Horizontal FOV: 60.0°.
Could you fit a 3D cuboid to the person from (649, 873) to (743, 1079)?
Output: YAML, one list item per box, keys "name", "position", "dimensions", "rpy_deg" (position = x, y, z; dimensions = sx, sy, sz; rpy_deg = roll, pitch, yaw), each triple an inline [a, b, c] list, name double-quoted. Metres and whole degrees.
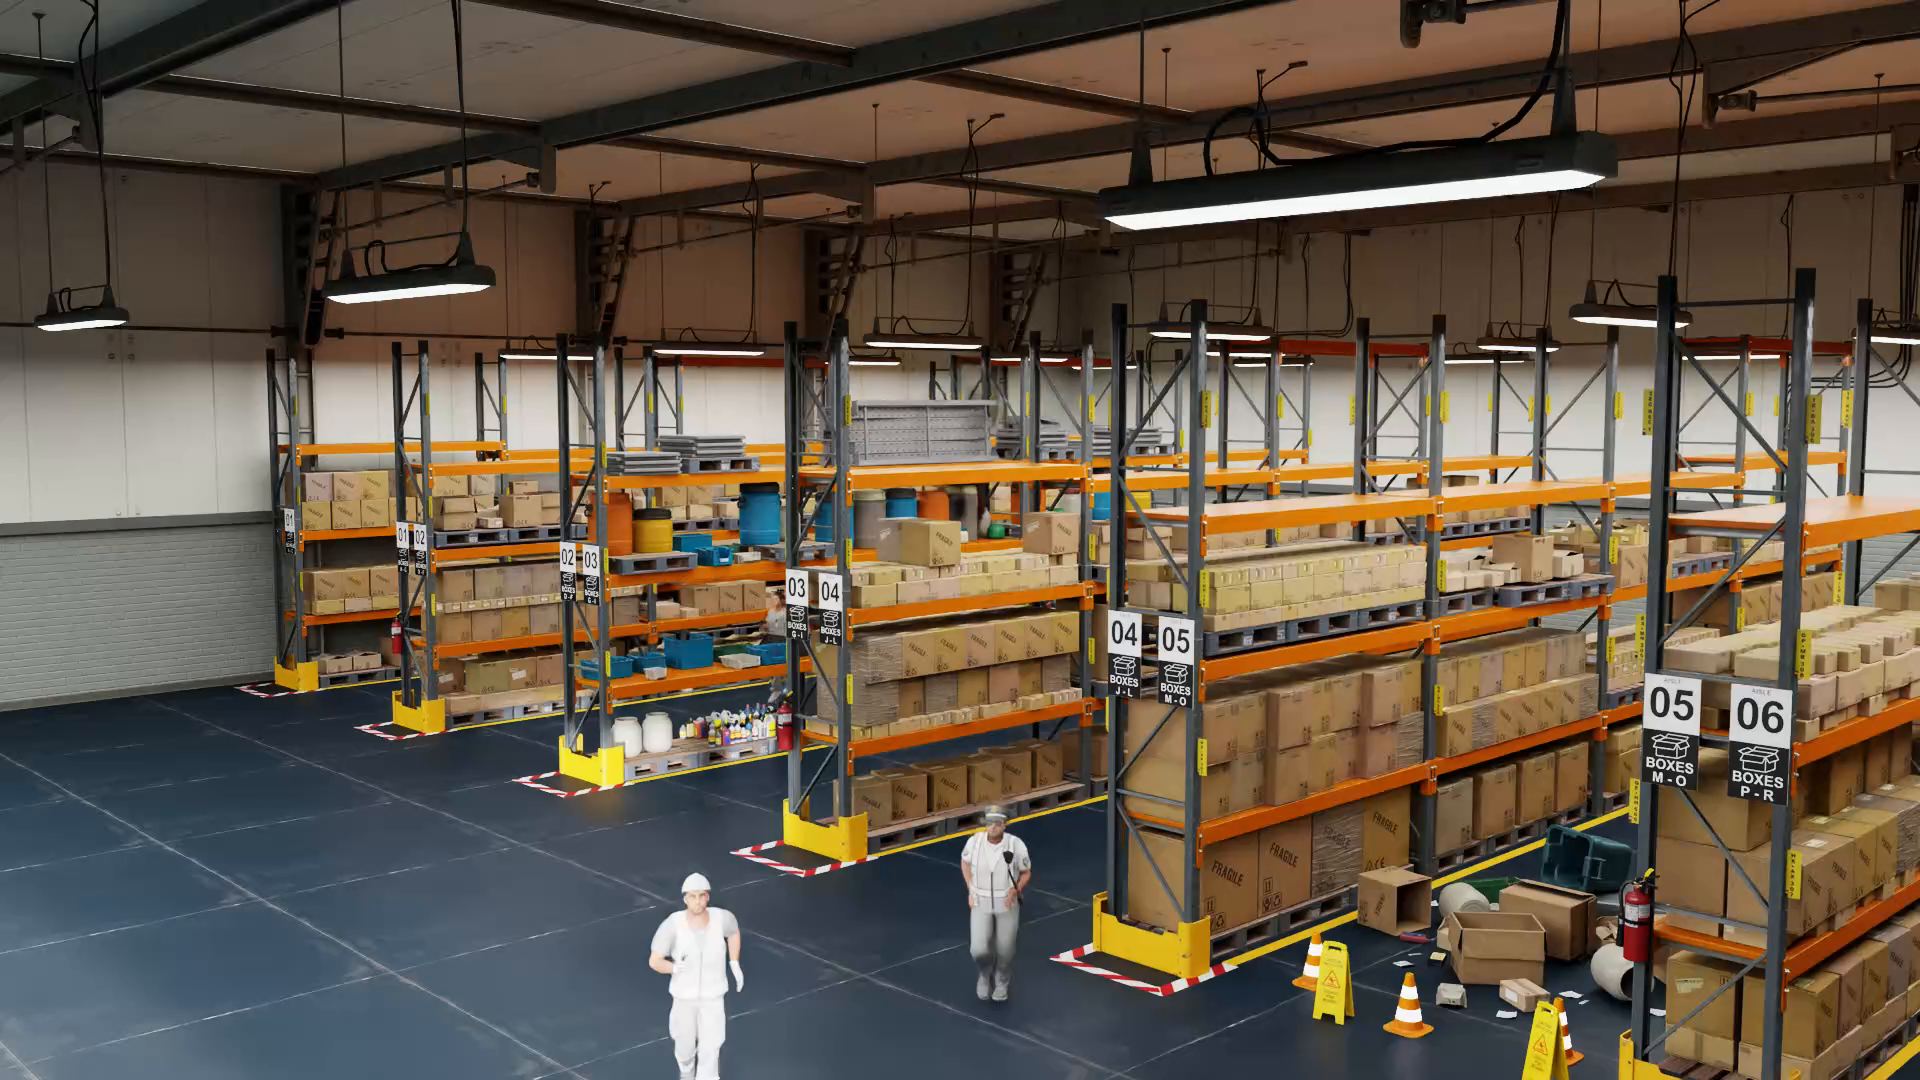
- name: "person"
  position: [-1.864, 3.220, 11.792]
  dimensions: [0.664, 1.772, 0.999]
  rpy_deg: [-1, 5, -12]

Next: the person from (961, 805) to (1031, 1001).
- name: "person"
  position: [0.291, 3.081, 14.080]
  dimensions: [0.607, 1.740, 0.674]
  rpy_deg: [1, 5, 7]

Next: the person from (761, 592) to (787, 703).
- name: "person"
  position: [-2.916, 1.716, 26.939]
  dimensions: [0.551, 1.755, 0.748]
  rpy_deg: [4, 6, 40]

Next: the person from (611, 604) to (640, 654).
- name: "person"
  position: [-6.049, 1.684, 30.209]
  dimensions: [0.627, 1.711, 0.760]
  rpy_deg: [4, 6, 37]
...
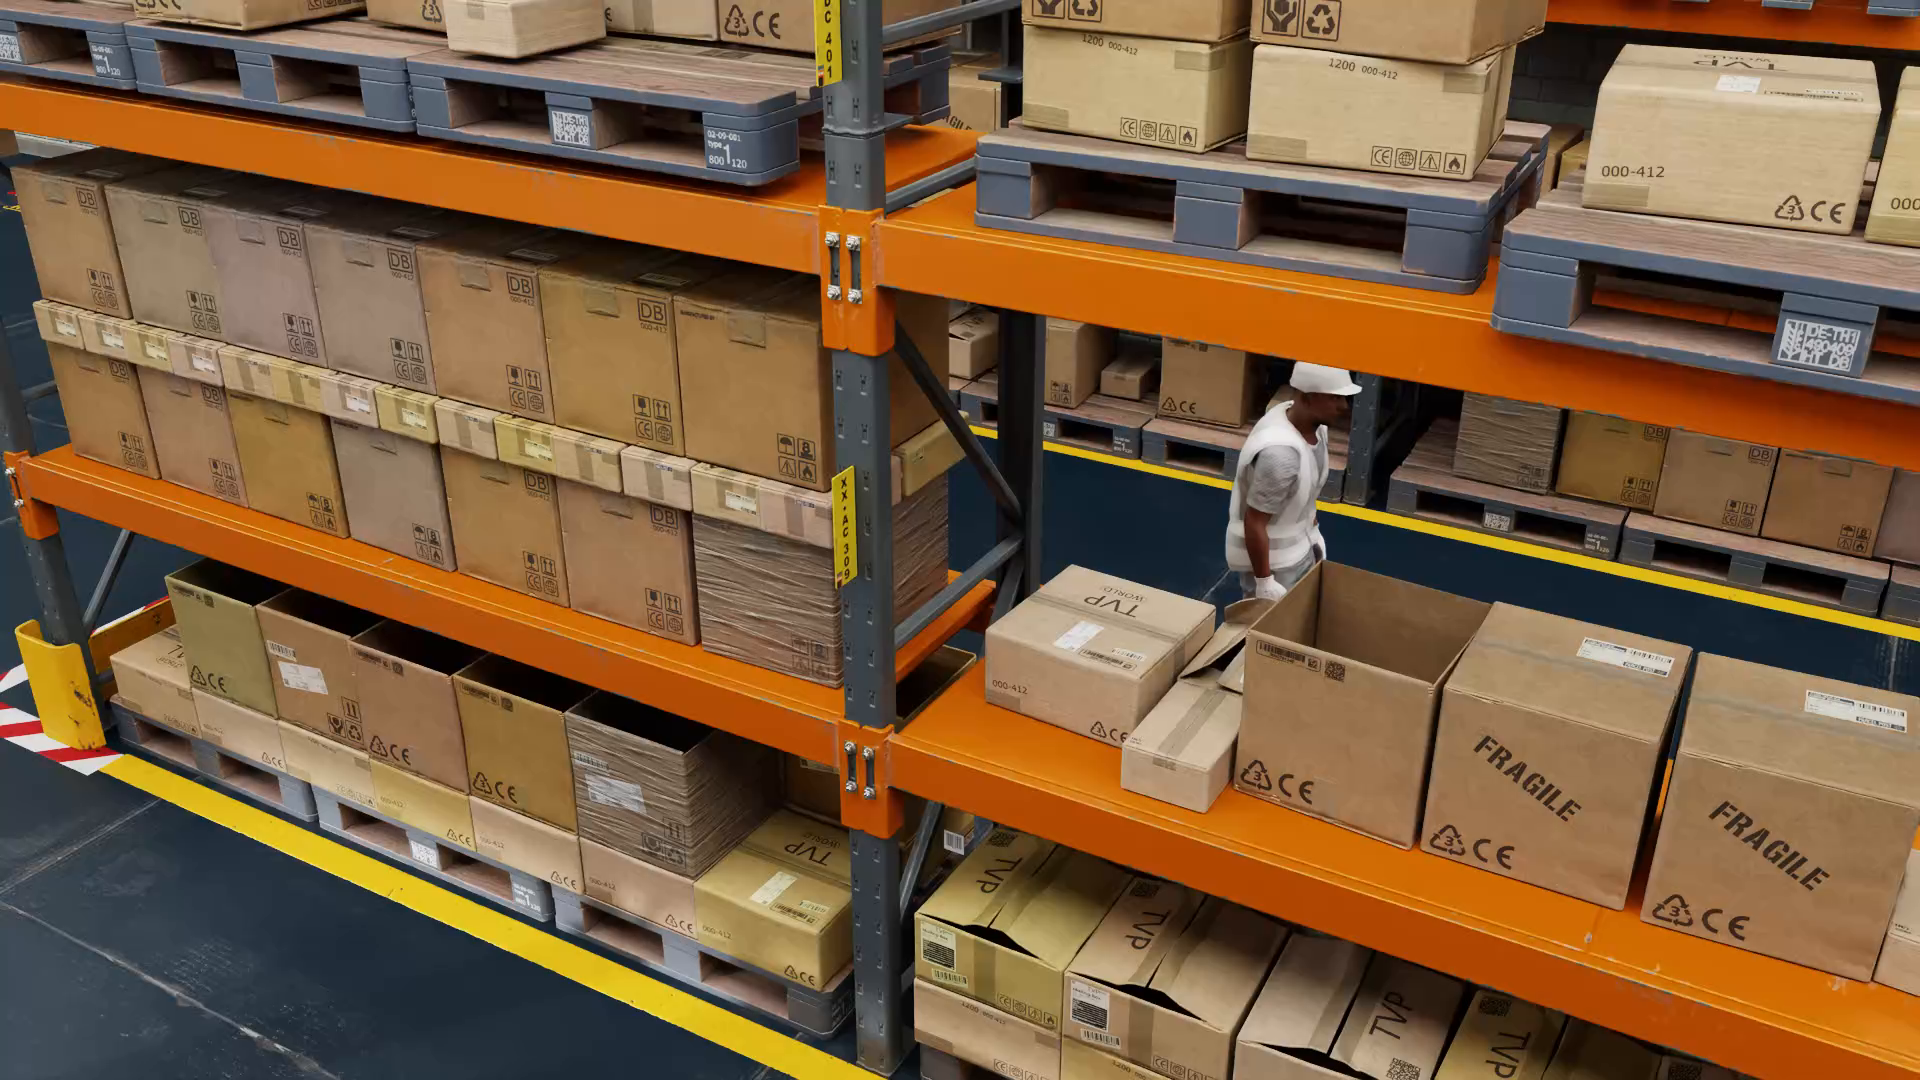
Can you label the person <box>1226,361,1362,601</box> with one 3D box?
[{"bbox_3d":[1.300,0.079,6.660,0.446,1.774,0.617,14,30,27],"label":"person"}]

REQUIRED ACTION.
Everything in the material above from the line that has "Horizontal FOV: 60.0°." through the line that has "Could you fit" must be duplicated exactly, with no other lines given.

OUTPUT BELOW.
Horizontal FOV: 60.0°.
Could you fit a 3D cuboid to the person from (649, 873) to (743, 1079)?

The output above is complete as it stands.